12 mai 1940 : première bataille de chars (d’envergure) de l’histoire (Hannut – Belgique). Le corps de cavalerie commandé par le général français Prioux (chars Hotchkis et SOMUA 35) donne un coup d’arrêt puis freine le 16e corps de Panzer du général Hoepner (Panzer I, II, III et IV) dans le cadre d’un rapport de force au global équilibré. Même si les Allemands perdent 164 chars contre 105 côté français, la bataille ne peut  être considérée comme une occasion de victoire manquée puisque la mission du corps de cavalerie français n’a pu être remplie (couvrir l’installation de la 1ère armée sur la ligne Wavre-Gembloux-Namur et renseigner sur la situation des Belges sur le canal Albert).  Bien que mécaniquement excellents, les chars français ont été victimes de deux défauts congénitaux majeurs : absence de radio (interdisant coordination entre eux et avec les appuis ) et tourelle à 1 homme (le chef de char est à la fois tireur et chargeur). L’efficacité des Stukas allemands contre l’artillerie a par ailleurs privé les chars français de ces précieux appuis.

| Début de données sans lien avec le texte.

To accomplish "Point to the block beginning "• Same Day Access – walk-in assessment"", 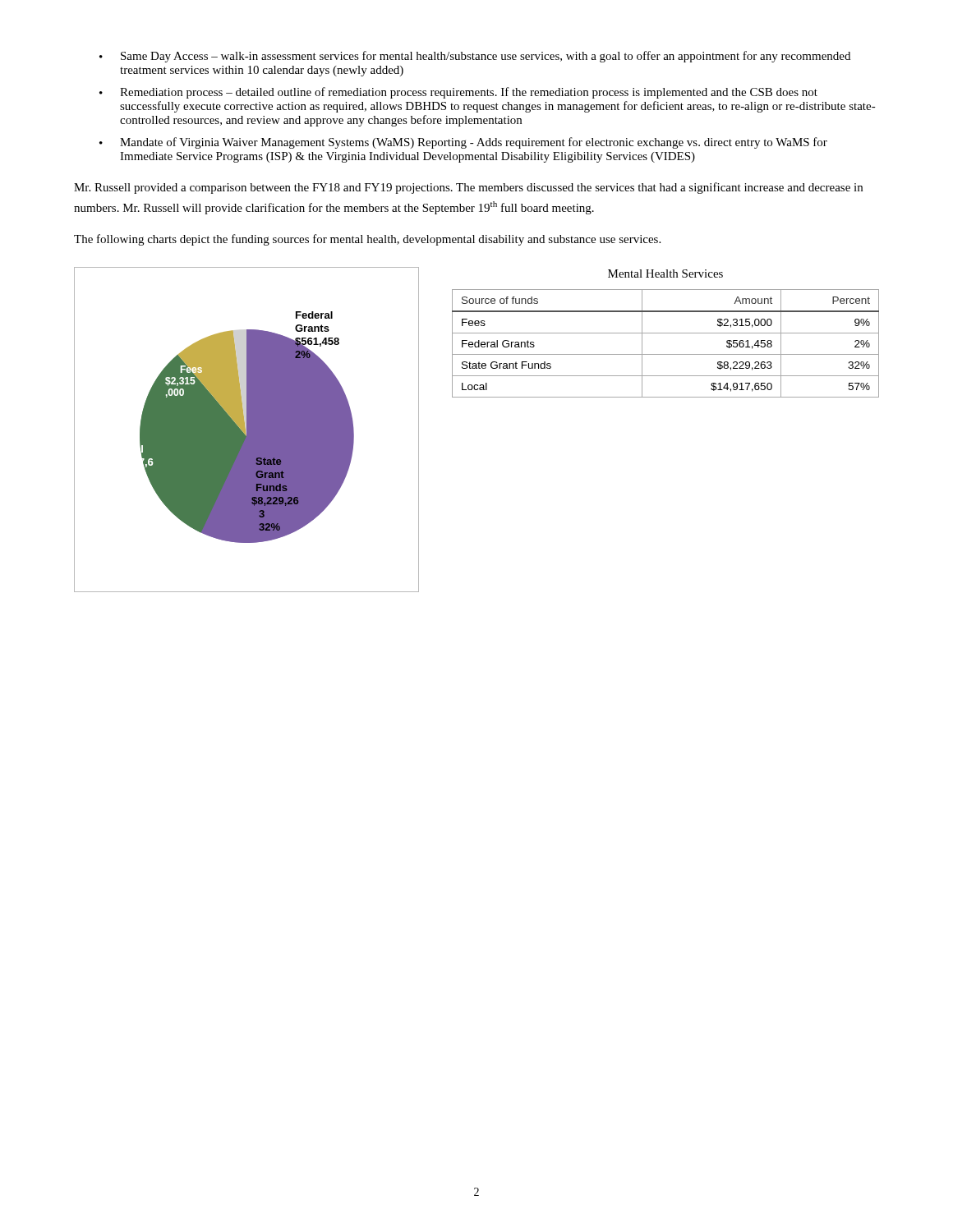I will coord(489,63).
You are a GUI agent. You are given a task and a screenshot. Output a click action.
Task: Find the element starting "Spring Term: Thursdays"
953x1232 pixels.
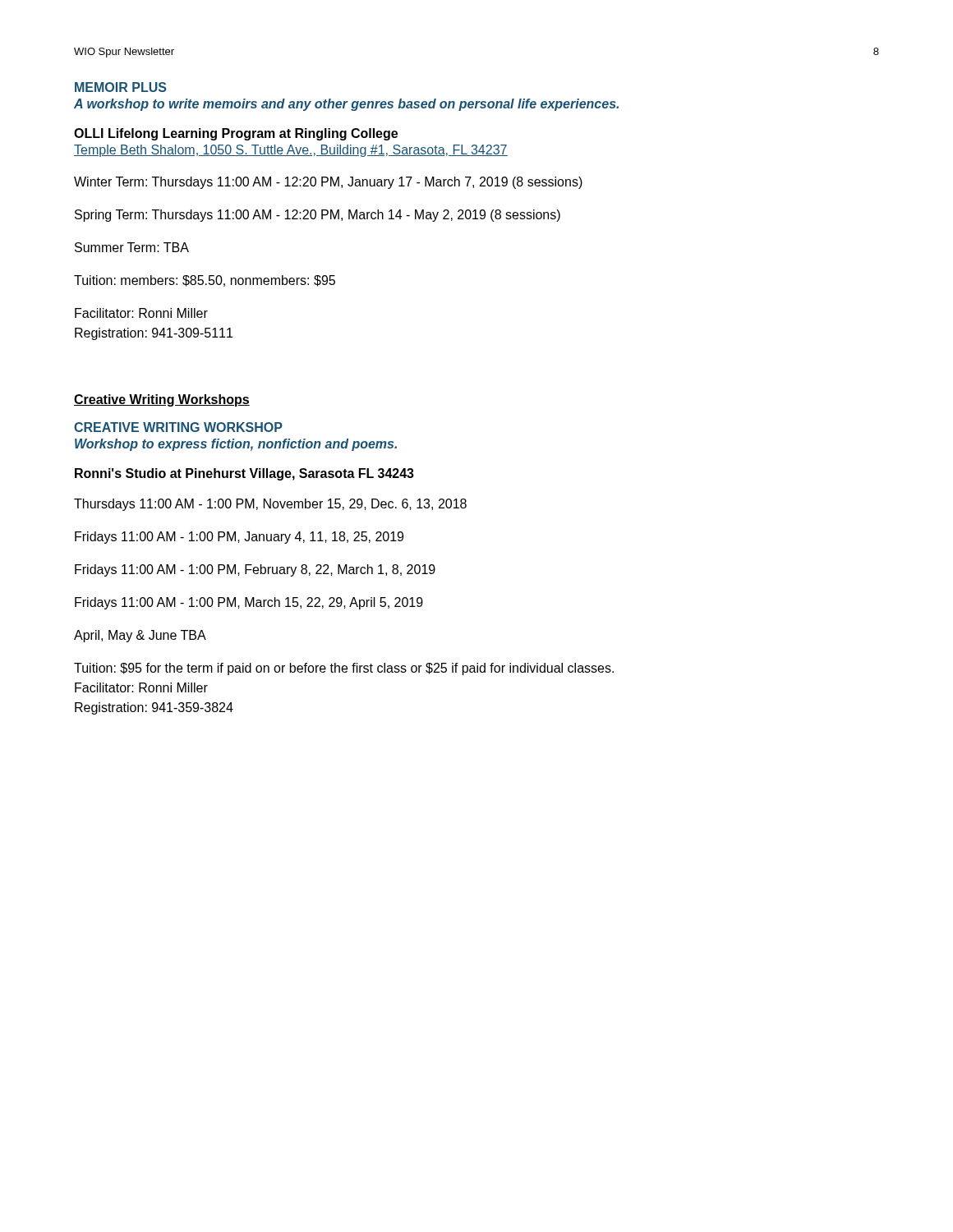pyautogui.click(x=317, y=215)

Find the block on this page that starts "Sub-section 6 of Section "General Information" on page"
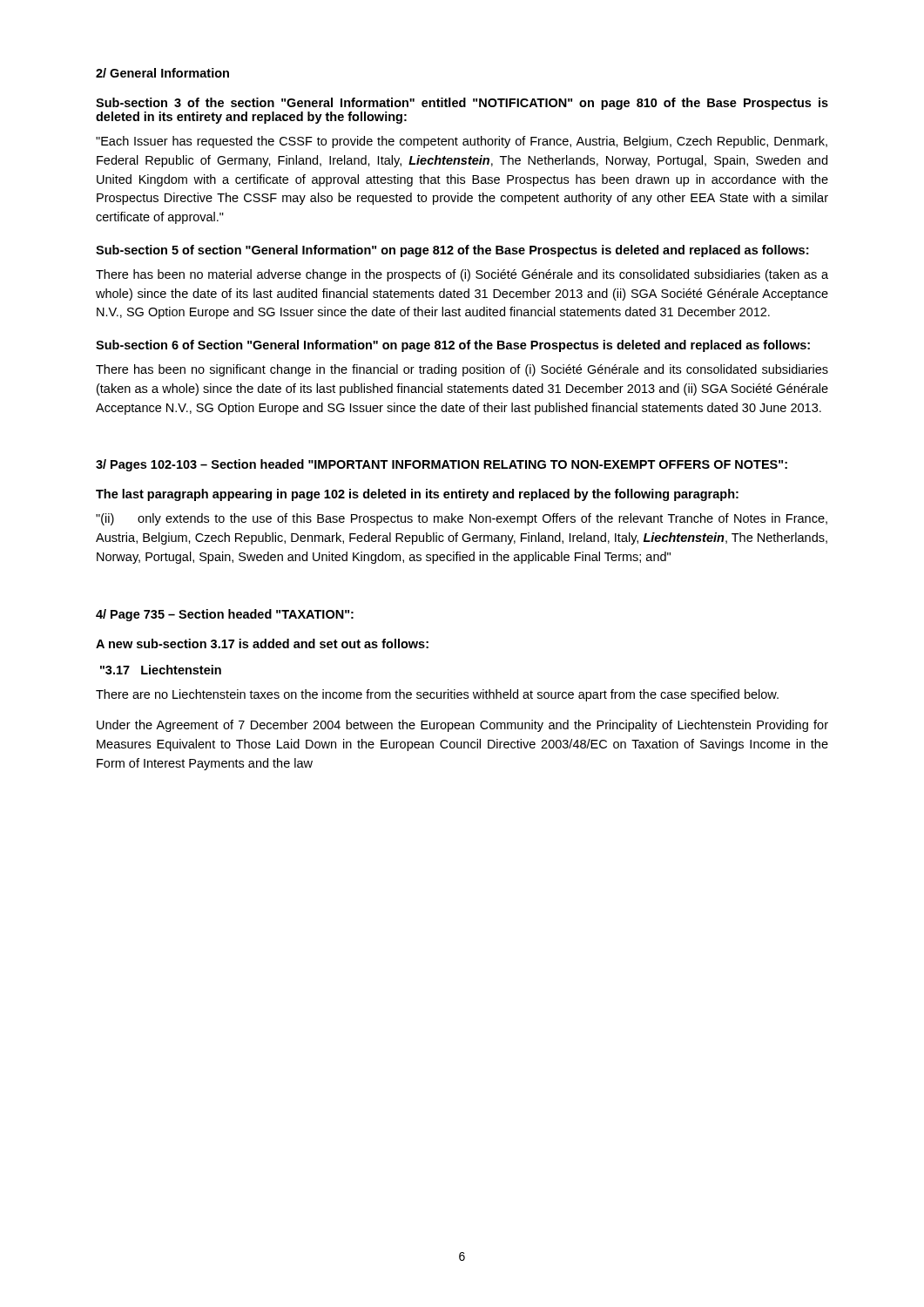[x=453, y=345]

12 mai 1943 : première torpille acoustique sous-marine. Le UBoot U-456 est coulé par l’explosion d’une torpille anti-sous-marine acoustique (Marck 24) larguée pour la première fois depuis un bombardier Consolidated Liberator

12 mai 1949 : fin du blocus de Berlin. Du 24 juin 1948 au 12 mai 1949, soit pendant plus d’un an, Berlin Ouest est ravitaillé uniquement par voie aérienne grâce à un gigantesque effort logistique principalement américain. Les Soviétiques ne parviennent pas à étouffer la partie Ouest de Berlin qu’occupent les Alliés et ce malgré les nombreuses intimidations de l’URSS. 79 alliés perdent la vie durant le pont aérien à cause d’accidents liés pour beaucoup à des obstructions soviétiques.

  12 mai  Le SOMUA 35.

 




Chronique historique : 11 mai

11052017

11 mai 1678 : naufrage des récifs d’Aves (actuel Venezuela). Après avoir repris aux Hollandais, l’ile de Gorée, Tobago et Cayenne durant la campagne de 1676-1677, le vice-amiral Jean d’Estrées décide d’attaquer Curaçao, île hollandaise. Refusant de prendre un pilote alors que ses adjoints l’exhortent à le faire, il s’échoue dans la nuit du 11 au 12 mai avec 17 navires (dont le vaisseau amiral le Terrible) sur les récifs des îles d’Aves. Cette catastrophe (500 morts) a effacé de la mémoire de la Royale ses premiers succès sans toutefois l’empêcher d’être promu maréchal de France en 1681.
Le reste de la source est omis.